(The data)
......
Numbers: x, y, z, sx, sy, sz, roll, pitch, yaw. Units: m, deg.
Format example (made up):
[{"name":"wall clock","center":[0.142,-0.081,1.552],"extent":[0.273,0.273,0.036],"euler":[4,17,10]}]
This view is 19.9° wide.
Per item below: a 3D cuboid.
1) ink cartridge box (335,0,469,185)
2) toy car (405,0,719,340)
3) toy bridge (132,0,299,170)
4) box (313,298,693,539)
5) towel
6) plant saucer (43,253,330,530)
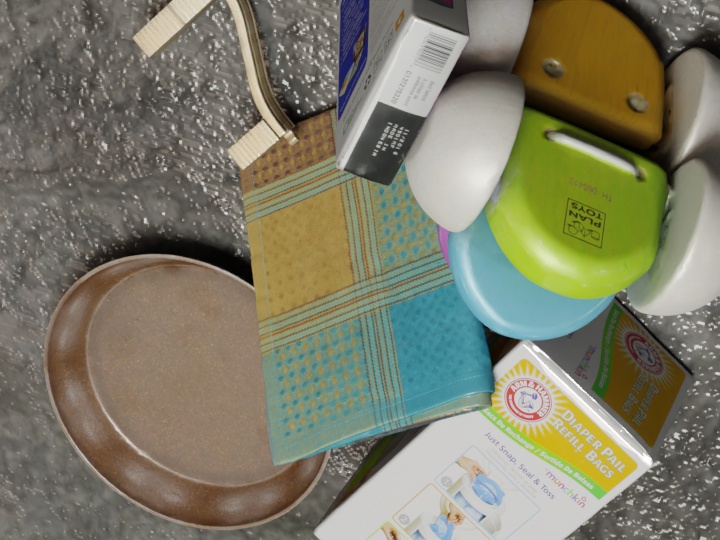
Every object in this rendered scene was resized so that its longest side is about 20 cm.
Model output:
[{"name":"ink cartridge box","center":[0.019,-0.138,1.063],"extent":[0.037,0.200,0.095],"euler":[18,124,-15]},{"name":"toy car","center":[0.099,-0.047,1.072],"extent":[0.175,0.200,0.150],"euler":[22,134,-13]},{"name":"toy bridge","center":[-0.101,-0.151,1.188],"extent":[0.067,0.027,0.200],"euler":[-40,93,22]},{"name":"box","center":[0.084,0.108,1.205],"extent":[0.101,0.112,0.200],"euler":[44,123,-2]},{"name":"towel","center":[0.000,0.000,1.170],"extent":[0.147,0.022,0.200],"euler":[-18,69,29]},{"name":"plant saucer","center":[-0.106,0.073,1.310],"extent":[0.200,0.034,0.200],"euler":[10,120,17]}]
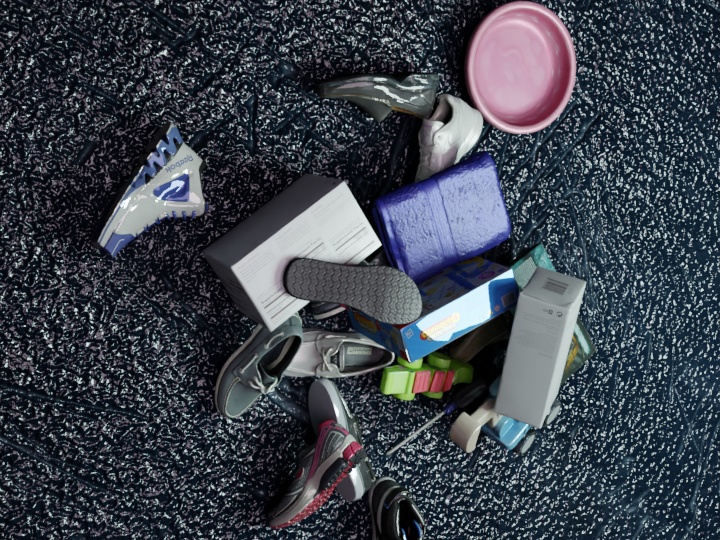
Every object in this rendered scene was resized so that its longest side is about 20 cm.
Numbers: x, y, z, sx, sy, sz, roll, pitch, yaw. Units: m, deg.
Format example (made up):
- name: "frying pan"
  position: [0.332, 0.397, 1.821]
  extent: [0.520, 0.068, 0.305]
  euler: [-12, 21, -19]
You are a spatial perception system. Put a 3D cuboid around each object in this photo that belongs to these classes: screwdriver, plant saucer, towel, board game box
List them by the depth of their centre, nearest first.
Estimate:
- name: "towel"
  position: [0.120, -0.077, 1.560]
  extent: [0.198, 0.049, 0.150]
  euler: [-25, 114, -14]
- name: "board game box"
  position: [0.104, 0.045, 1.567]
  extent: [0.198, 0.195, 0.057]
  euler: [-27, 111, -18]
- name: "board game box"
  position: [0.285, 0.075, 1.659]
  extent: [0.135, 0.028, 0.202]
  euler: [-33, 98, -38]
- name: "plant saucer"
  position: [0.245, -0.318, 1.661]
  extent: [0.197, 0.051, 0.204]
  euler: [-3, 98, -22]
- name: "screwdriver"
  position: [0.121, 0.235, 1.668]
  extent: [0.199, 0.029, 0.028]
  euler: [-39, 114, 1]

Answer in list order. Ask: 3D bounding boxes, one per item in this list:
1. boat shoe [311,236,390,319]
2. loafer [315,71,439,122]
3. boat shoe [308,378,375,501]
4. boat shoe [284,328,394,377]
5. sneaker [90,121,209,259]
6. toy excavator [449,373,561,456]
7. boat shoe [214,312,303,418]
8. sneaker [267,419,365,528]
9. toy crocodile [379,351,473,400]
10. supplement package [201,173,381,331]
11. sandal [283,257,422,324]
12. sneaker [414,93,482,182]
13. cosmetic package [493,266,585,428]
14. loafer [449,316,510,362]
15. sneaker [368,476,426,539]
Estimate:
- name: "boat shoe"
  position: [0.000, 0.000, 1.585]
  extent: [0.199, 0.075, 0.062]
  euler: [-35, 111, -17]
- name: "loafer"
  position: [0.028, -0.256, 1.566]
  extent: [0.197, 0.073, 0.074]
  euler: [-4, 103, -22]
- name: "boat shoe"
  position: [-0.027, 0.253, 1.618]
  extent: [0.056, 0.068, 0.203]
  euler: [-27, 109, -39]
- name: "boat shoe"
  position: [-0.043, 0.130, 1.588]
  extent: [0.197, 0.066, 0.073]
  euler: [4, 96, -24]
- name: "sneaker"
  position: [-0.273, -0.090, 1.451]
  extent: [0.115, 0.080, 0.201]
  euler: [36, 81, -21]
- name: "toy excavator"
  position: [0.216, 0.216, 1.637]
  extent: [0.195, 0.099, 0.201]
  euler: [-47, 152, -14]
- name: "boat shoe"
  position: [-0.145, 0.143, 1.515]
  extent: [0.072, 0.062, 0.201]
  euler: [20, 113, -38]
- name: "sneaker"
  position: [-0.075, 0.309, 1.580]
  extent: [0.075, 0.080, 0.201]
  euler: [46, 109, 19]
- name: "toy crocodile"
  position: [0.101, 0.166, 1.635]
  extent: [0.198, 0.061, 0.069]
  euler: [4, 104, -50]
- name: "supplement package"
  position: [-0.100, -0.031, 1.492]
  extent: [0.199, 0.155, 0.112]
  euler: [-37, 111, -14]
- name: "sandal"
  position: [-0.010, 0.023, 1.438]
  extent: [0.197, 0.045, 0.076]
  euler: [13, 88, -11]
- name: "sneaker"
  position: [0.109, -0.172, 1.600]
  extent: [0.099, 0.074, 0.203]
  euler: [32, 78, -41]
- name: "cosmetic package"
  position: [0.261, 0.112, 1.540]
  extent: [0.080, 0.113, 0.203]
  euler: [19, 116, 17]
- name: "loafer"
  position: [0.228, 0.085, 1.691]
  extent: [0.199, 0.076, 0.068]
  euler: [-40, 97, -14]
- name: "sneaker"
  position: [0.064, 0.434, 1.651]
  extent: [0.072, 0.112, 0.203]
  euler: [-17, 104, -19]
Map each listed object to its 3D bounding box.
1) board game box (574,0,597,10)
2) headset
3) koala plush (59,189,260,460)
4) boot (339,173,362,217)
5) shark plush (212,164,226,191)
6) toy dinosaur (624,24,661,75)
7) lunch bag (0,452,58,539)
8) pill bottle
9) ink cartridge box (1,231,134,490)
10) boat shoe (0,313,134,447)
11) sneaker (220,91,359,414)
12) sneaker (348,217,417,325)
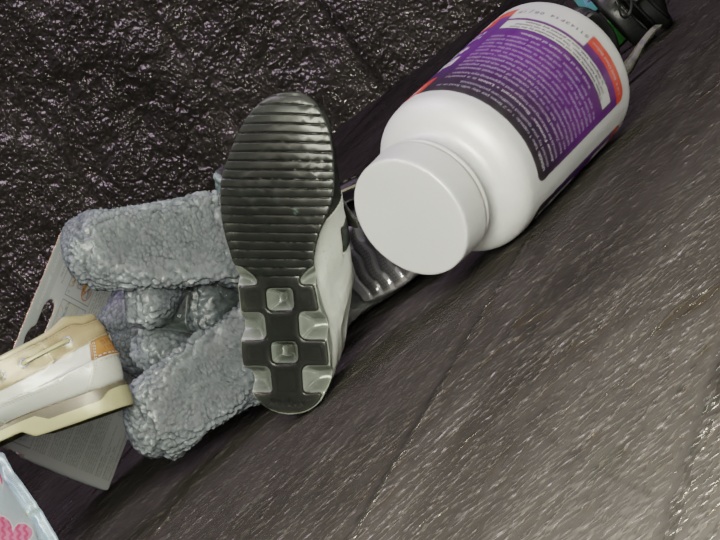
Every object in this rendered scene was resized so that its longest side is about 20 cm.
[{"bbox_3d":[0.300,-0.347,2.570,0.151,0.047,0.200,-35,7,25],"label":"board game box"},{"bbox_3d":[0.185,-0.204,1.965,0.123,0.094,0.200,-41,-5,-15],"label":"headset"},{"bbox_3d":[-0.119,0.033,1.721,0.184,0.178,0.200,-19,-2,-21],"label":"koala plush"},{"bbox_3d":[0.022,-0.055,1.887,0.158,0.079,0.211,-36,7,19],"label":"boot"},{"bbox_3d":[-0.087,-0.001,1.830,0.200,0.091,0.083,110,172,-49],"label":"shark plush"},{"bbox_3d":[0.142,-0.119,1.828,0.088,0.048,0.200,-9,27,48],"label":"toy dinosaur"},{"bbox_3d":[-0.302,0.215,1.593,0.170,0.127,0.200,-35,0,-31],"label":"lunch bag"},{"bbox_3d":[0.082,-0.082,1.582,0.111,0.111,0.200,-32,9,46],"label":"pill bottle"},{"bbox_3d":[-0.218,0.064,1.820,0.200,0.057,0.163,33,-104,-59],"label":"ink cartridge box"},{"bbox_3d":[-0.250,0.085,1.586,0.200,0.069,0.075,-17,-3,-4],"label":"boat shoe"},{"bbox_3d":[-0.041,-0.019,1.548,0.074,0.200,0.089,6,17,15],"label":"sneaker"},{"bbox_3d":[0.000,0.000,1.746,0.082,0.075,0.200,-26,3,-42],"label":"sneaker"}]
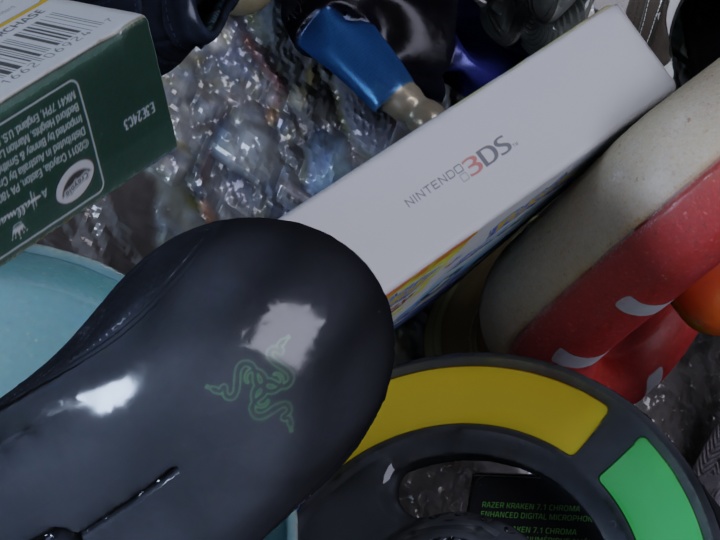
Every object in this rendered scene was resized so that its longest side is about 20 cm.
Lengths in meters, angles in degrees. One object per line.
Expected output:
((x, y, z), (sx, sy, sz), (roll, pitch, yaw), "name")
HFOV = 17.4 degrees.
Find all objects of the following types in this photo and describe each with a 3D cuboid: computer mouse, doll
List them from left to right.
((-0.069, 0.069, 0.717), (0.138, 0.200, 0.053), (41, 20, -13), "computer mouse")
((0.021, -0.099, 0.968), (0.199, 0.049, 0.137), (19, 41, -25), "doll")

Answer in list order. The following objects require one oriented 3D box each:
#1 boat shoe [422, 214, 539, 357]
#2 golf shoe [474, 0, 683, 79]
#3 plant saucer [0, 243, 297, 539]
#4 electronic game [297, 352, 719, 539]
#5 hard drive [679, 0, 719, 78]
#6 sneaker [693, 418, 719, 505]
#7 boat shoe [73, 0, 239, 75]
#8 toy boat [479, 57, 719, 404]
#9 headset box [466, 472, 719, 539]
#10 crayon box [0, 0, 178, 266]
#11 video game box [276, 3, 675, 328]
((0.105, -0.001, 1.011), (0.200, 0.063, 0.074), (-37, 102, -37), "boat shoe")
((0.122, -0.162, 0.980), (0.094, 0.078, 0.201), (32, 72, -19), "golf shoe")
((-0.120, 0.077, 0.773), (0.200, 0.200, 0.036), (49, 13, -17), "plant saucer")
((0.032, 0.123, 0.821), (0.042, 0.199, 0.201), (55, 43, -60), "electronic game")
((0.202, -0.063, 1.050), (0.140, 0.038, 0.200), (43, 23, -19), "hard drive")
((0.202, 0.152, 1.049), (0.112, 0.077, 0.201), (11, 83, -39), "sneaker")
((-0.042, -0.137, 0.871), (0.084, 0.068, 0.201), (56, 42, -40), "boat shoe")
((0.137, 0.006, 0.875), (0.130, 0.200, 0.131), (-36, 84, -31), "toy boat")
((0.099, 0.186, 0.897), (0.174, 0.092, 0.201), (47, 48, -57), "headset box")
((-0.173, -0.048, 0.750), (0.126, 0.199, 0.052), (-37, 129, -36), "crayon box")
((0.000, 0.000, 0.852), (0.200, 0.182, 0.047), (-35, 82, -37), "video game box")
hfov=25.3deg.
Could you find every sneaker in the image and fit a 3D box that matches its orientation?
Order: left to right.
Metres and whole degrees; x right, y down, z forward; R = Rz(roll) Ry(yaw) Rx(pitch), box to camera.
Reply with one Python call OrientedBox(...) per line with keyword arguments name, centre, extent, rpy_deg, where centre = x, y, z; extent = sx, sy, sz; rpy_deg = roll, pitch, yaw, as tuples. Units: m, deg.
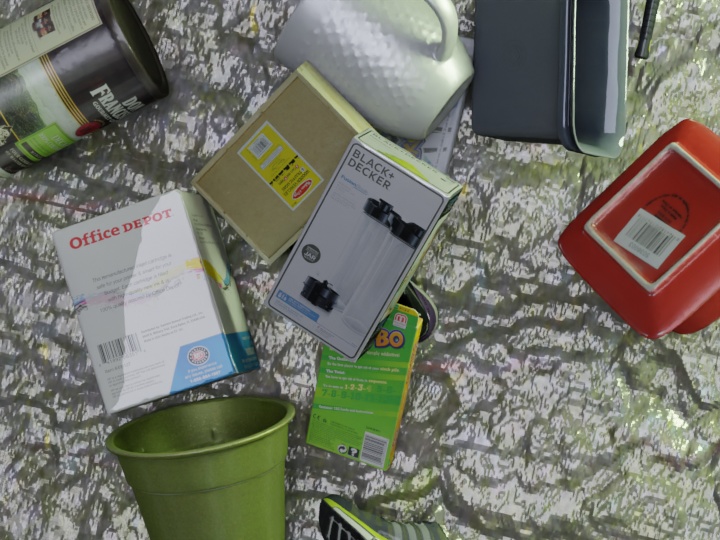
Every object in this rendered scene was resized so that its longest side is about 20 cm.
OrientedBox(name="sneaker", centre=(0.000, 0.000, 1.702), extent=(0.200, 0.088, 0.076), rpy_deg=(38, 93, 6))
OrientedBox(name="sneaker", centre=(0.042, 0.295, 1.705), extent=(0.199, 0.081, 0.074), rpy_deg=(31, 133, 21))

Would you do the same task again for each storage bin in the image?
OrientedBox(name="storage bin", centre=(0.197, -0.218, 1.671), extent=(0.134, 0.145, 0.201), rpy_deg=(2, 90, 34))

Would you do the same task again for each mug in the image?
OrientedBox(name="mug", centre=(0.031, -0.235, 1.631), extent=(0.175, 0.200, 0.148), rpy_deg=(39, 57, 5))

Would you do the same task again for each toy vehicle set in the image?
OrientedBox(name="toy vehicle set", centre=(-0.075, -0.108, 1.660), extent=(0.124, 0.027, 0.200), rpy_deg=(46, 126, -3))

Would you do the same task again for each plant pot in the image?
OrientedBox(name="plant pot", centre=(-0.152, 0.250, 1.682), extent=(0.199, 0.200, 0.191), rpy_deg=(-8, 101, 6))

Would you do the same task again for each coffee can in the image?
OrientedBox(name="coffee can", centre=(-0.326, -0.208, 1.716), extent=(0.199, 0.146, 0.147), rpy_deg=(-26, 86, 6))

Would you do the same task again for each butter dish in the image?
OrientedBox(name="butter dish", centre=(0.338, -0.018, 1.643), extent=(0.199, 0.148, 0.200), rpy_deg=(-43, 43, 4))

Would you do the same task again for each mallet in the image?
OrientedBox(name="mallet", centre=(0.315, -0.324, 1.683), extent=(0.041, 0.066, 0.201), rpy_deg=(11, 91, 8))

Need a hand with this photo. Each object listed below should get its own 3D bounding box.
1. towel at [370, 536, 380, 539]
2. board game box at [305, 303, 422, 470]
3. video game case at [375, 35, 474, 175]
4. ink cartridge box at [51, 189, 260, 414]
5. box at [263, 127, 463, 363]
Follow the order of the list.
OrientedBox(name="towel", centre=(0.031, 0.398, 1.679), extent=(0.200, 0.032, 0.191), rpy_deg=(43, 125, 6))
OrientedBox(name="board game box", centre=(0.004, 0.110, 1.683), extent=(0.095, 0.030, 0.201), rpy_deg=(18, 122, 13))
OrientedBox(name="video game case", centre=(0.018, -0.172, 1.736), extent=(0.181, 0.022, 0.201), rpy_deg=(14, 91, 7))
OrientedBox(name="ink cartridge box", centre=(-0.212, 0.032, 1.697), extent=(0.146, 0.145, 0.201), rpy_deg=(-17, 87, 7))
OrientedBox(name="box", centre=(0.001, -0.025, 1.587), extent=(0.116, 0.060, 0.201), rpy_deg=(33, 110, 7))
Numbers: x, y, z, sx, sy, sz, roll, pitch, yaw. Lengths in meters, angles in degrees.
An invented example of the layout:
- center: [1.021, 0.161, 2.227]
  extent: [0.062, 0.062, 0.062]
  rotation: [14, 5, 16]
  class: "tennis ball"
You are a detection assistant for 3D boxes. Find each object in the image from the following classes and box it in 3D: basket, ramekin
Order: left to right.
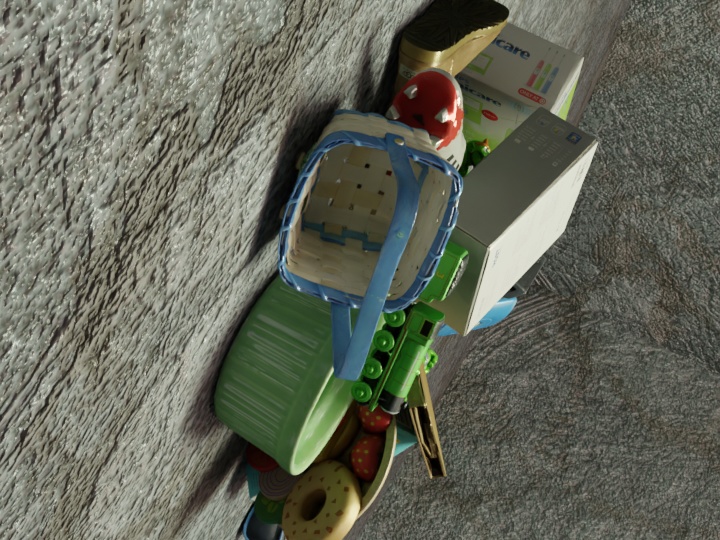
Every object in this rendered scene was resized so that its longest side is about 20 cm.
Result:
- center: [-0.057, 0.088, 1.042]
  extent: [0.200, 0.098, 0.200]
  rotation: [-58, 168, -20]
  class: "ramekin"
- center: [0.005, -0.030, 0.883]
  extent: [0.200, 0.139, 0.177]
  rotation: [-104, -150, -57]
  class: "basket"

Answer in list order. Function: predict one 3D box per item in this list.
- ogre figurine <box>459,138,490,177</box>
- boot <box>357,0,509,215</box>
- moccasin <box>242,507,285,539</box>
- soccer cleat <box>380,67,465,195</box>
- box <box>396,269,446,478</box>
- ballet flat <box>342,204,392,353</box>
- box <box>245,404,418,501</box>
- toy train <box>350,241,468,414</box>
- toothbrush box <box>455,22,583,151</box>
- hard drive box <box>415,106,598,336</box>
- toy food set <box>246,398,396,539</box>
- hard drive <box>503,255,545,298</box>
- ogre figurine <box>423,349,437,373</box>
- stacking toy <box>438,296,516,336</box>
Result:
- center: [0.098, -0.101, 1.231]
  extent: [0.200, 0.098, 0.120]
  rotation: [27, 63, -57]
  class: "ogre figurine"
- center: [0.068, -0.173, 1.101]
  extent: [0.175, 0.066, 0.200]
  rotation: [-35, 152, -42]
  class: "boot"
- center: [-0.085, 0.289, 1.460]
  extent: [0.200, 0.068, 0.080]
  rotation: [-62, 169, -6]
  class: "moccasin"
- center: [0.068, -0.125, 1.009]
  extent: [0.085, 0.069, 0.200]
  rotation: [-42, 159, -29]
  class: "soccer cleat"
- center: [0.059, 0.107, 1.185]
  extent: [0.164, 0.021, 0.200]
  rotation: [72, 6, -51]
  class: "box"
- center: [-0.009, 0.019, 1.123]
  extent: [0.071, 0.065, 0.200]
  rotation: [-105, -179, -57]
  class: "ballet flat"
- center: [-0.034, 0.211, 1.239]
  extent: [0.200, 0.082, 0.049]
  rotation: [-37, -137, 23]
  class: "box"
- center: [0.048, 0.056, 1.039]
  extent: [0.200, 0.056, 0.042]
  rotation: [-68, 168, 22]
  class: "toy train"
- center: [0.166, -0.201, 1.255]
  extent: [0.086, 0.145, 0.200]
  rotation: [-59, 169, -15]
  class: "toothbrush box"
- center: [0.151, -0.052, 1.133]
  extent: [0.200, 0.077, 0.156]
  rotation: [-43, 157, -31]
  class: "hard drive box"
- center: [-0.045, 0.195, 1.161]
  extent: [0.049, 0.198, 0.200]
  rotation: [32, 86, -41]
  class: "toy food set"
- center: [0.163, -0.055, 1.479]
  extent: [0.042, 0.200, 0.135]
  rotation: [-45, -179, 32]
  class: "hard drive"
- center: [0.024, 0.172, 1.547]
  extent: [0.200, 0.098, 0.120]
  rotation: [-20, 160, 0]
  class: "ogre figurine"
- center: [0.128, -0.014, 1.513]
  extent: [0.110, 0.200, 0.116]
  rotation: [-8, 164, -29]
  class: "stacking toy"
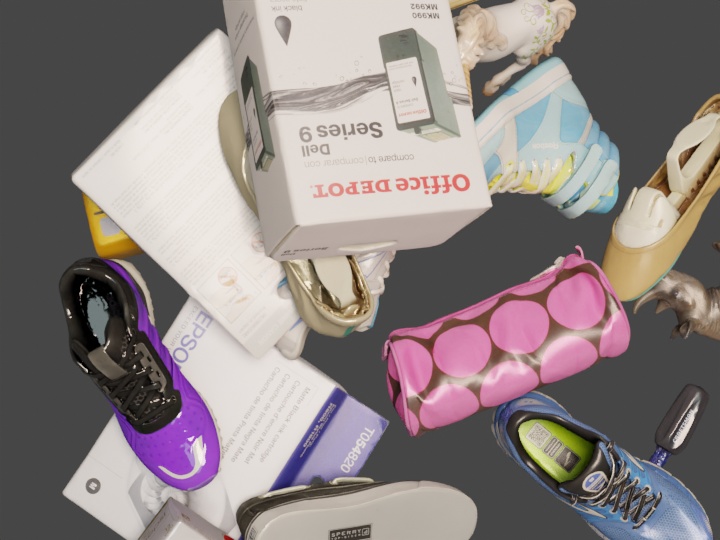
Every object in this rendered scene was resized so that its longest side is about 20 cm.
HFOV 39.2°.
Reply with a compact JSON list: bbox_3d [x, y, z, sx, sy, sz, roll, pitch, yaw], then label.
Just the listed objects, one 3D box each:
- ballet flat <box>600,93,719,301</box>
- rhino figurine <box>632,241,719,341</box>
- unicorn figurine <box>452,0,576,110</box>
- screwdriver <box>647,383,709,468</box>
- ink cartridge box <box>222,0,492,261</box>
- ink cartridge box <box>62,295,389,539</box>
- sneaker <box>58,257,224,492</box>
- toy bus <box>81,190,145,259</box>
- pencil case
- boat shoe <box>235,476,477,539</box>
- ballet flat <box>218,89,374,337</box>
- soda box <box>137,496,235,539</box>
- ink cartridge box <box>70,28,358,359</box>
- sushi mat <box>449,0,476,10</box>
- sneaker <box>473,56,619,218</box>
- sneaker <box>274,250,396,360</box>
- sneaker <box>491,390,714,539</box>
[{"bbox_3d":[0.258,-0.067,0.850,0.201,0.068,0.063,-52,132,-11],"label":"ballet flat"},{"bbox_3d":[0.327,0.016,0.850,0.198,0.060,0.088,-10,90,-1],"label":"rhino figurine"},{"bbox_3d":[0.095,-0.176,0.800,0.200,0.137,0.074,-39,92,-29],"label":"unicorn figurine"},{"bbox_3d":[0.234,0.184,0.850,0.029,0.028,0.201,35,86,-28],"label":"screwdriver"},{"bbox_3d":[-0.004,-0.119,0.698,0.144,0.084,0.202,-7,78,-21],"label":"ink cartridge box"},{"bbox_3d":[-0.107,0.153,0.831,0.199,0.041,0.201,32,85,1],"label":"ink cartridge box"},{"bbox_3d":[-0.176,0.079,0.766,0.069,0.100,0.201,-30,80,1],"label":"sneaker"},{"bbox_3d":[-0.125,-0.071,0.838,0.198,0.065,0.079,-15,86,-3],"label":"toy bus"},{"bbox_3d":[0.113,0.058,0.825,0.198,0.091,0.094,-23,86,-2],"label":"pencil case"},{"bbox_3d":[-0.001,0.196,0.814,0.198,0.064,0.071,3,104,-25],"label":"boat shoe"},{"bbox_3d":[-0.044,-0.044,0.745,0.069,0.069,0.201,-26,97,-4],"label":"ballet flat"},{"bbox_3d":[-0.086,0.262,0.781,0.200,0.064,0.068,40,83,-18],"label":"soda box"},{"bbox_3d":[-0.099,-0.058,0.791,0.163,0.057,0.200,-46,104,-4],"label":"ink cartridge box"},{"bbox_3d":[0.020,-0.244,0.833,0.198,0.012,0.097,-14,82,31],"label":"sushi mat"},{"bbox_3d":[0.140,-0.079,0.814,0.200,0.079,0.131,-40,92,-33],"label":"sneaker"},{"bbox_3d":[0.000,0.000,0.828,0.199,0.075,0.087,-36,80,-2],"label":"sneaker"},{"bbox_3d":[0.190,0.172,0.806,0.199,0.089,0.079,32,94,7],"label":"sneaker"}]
......
(What needs to be done) Working from the material above, retype exactly the lines from the one with "- box <box>245,404,418,501</box>" through the one with "- stacking toy <box>438,296,516,336</box>", both included, and only those lines.

(Solution for this exercise)
- box <box>245,404,418,501</box>
- toy train <box>350,241,468,414</box>
- toothbrush box <box>455,22,583,151</box>
- hard drive box <box>415,106,598,336</box>
- toy food set <box>246,398,396,539</box>
- hard drive <box>503,255,545,298</box>
- ogre figurine <box>423,349,437,373</box>
- stacking toy <box>438,296,516,336</box>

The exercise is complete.